Le plan de travail est toujours de mise. Si la précision et la rigueur ne sont pas nécessairement au point, les rires fusent cependant et je crois que l'on a, entre les mains, une comédie efficace, aussi drôle que physique! Si je m'en tiens au calendrier, un premier enchaînement complet devrait avoir lieu d'ici deux petites semaines (le 21 mai pour être plus précis). Alors, nous aurons une vue d'ensemble sur la pièce, son rythme, ses personnages, ses dynamiques.

Pour cette production, le texte est pris comme matière de base qui peut se voir (et se voit!) modifié, d'abord pour accommoder la distribution en terme de personnages masculins et féminins, revu et corrigé pour lier des situations, des gestes, réécrit pour réintégré des répliques chantées (chose commune dans les vaudevilles). Au final, L'Affaire de la rue Lourcine, version Théâtre 100 Masques, ne sera pas de mais d'après Labiche, la partie originale couvrant peut-être 75-80% de l'oeuvre scénique.

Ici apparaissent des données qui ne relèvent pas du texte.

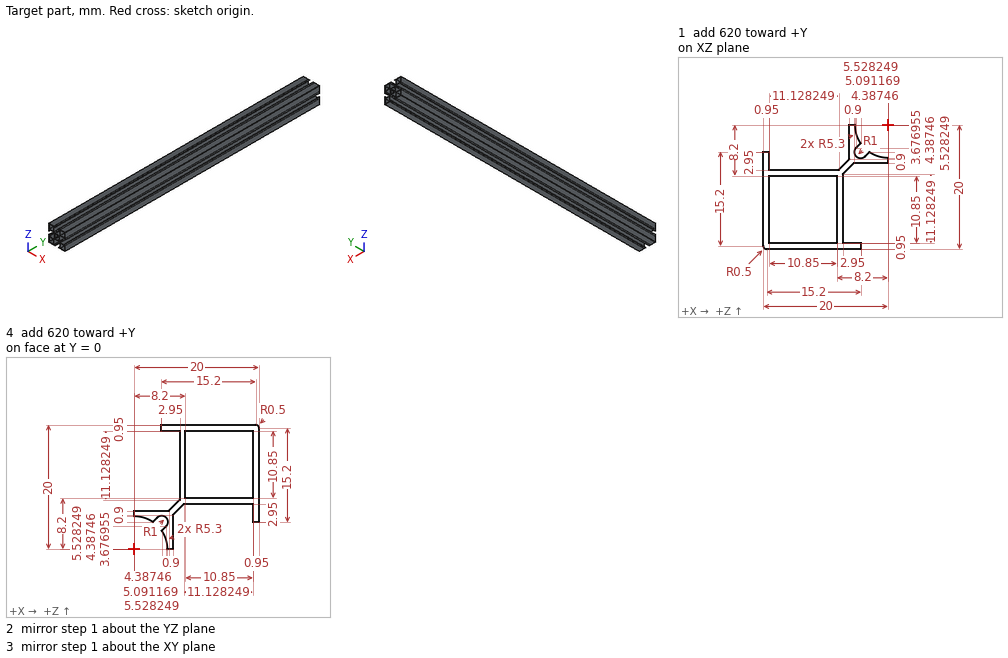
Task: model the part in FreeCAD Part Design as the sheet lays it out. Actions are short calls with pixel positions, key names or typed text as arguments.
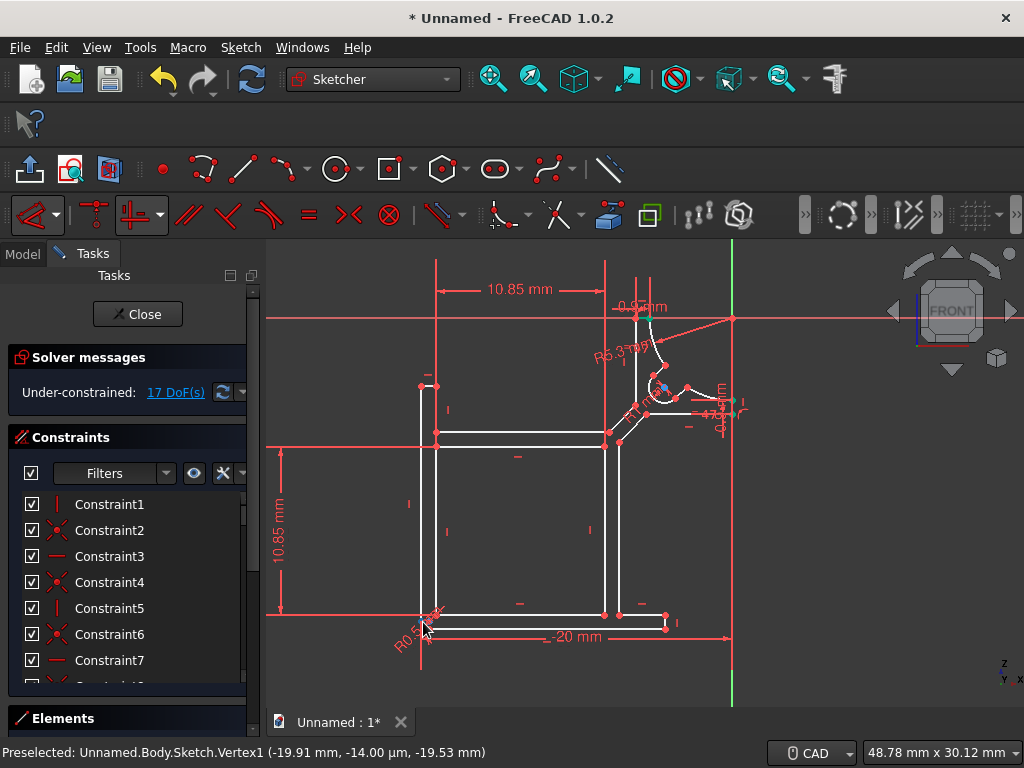
click(665, 629)
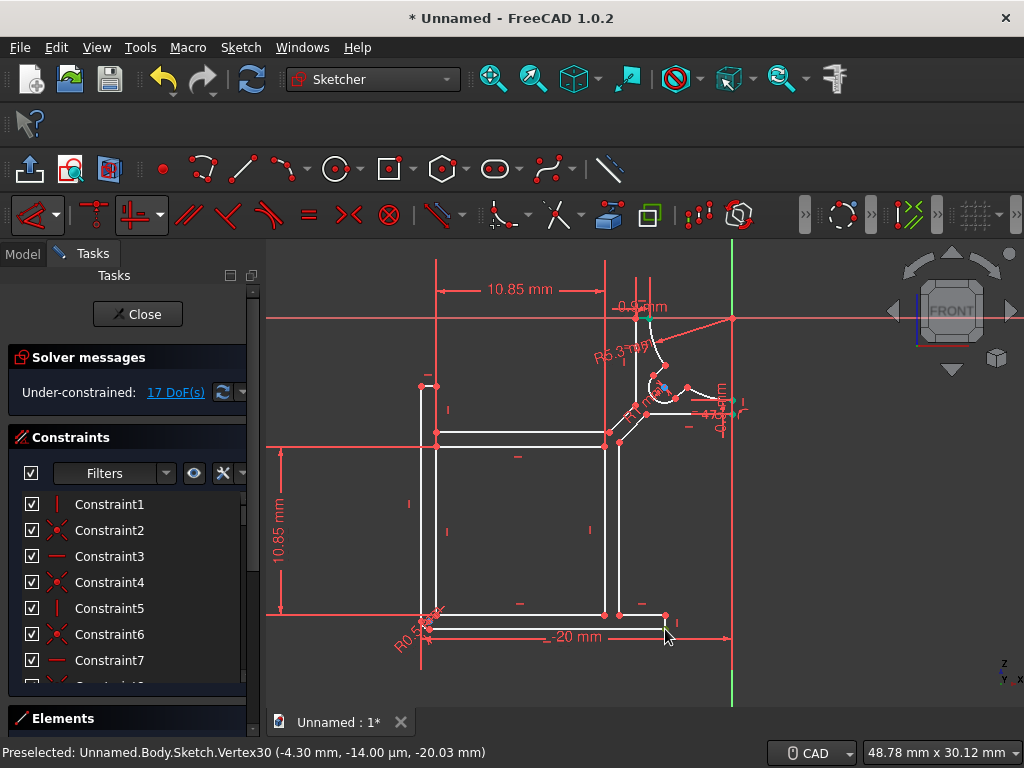
click(58, 216)

D'ailleurs, dans la même veine, il me faudrait retrouver la source de cette citation qui me convient fort bien et que j'endosse: je ne joue pas un texte je joue avec un texte.

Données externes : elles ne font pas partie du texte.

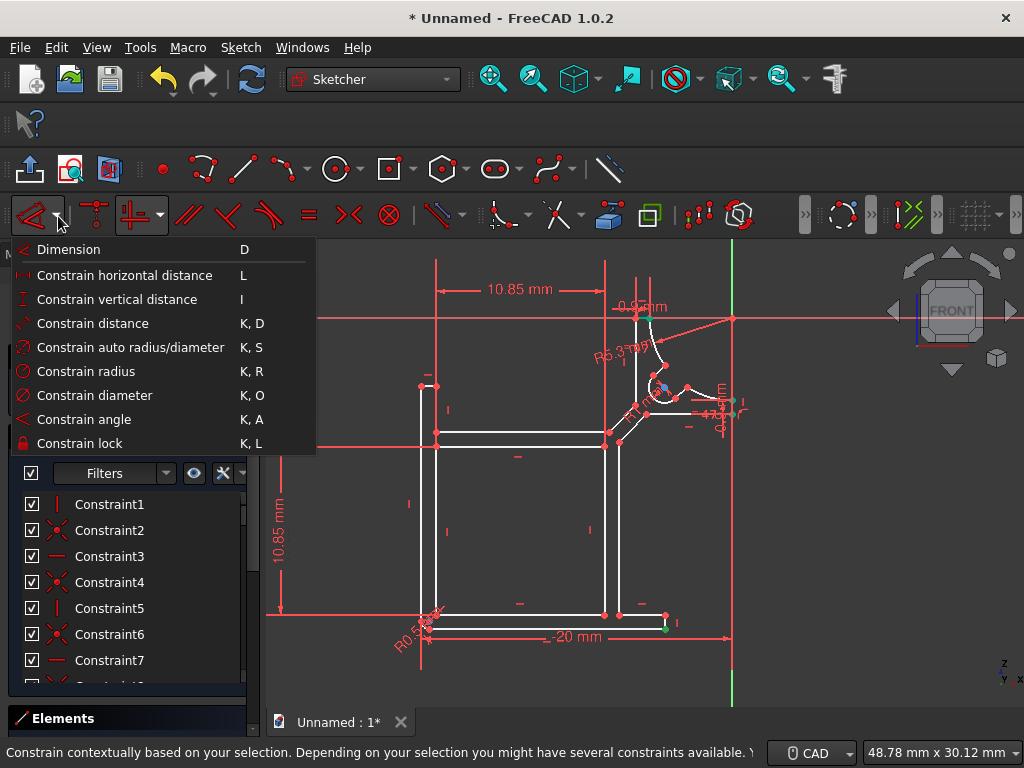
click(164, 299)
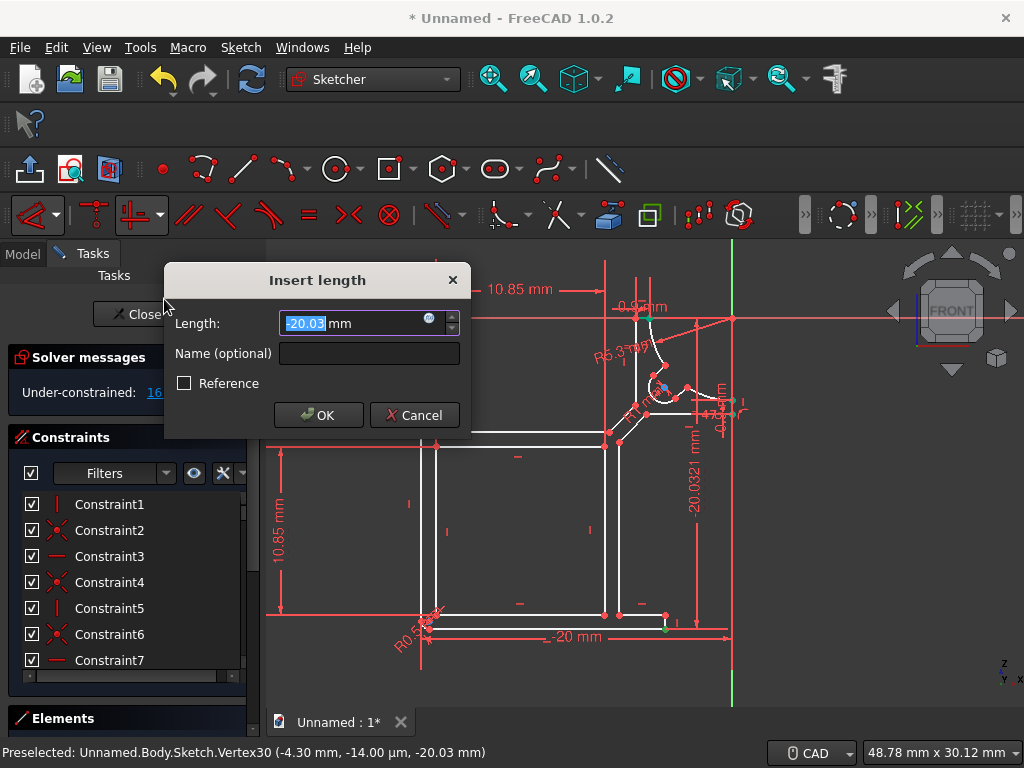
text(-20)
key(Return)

Maintenant, il nous faudra nous concentrer sur toute la recherche esthétique de cette production: scénographie, costumes, lumières, accessoires.

vendredi 6 mai 2011

Tautologie

La théâtralité ne peut se penser hors d'elle-même!
L'envers de la théâtralité
n'est encore que de la théâtralité.

Patrice Pavis, Vers une théorie de la pratique théâtrale

jeudi 5 mai 2011

Le texte comme une série de figures


Le texte théâtral (et son énonciation) se compose, si l'on se colle à la matière brute, à la partition, d'une série de figure (apparemment limitée) qui, s'agençant entre elles, créent le rythme, le sens et, au final, l'interprétation. Une série de figures comme un coffre à outils, un vocabulaire formel à maîtriser pour faire des combinaisons nouvelles, des complémentarités, des ruptures.

Dans un cadre de recherche sur la théâtralité et la performativité, il m'apparaît essentiel de les aborder l'une après l'autre, de les définir et leur donner un contour précis.

En voici une liste (qui n'est peut-être pas exhaustive) établie par Michel Vinaver dans son ouvrage Écritures dramatiques, essais d'études de textes de théâtre paru en 1993 (pp. 901-903) aux éditions Acte-Sud:

La parole théâtrale se compose d'un nombre limité de figures textuelles répartit en quatre catégories:

1) FIGURES TEXTUELLES FONDAMENTALES S'APPLIQUANT À UNE RÉPLIQUE OU UNE PARTIE DE RÉPLIQUE: attaque, défense, riposte, esquive, mouvement-vers

2) AUTRES FIGURES TEXTUELLES S'APPLIQUANT À UNE RÉPLIQUE OU À UNE PARTIE DE RÉPLIQUE : monologue, récit, plaidoyer, profession de foi, annonce, citation, soliloque, adresse, discours composites

3) FIGURES TEXTUELLES S'APPLIQUANT À UN ENSEMBLE DE RÉPLIQUES: duel, duo, chœur, polyphonie

4) FIGURES TEXTUELLES RELATIONNELLES S’APPLIQUANT À UNE RÉPLIQUE DANS SA RELATION AVEC LE MATÉRIAU TEXTUEL QUI PRÉCÈDE : bouclage, effet-miroir ou écho, répétition-variation, fulgurance.


Ces figures participent à refonder le rapport au texte non pas sur la fable, l'intrigue mais sur sa forme, sa construction.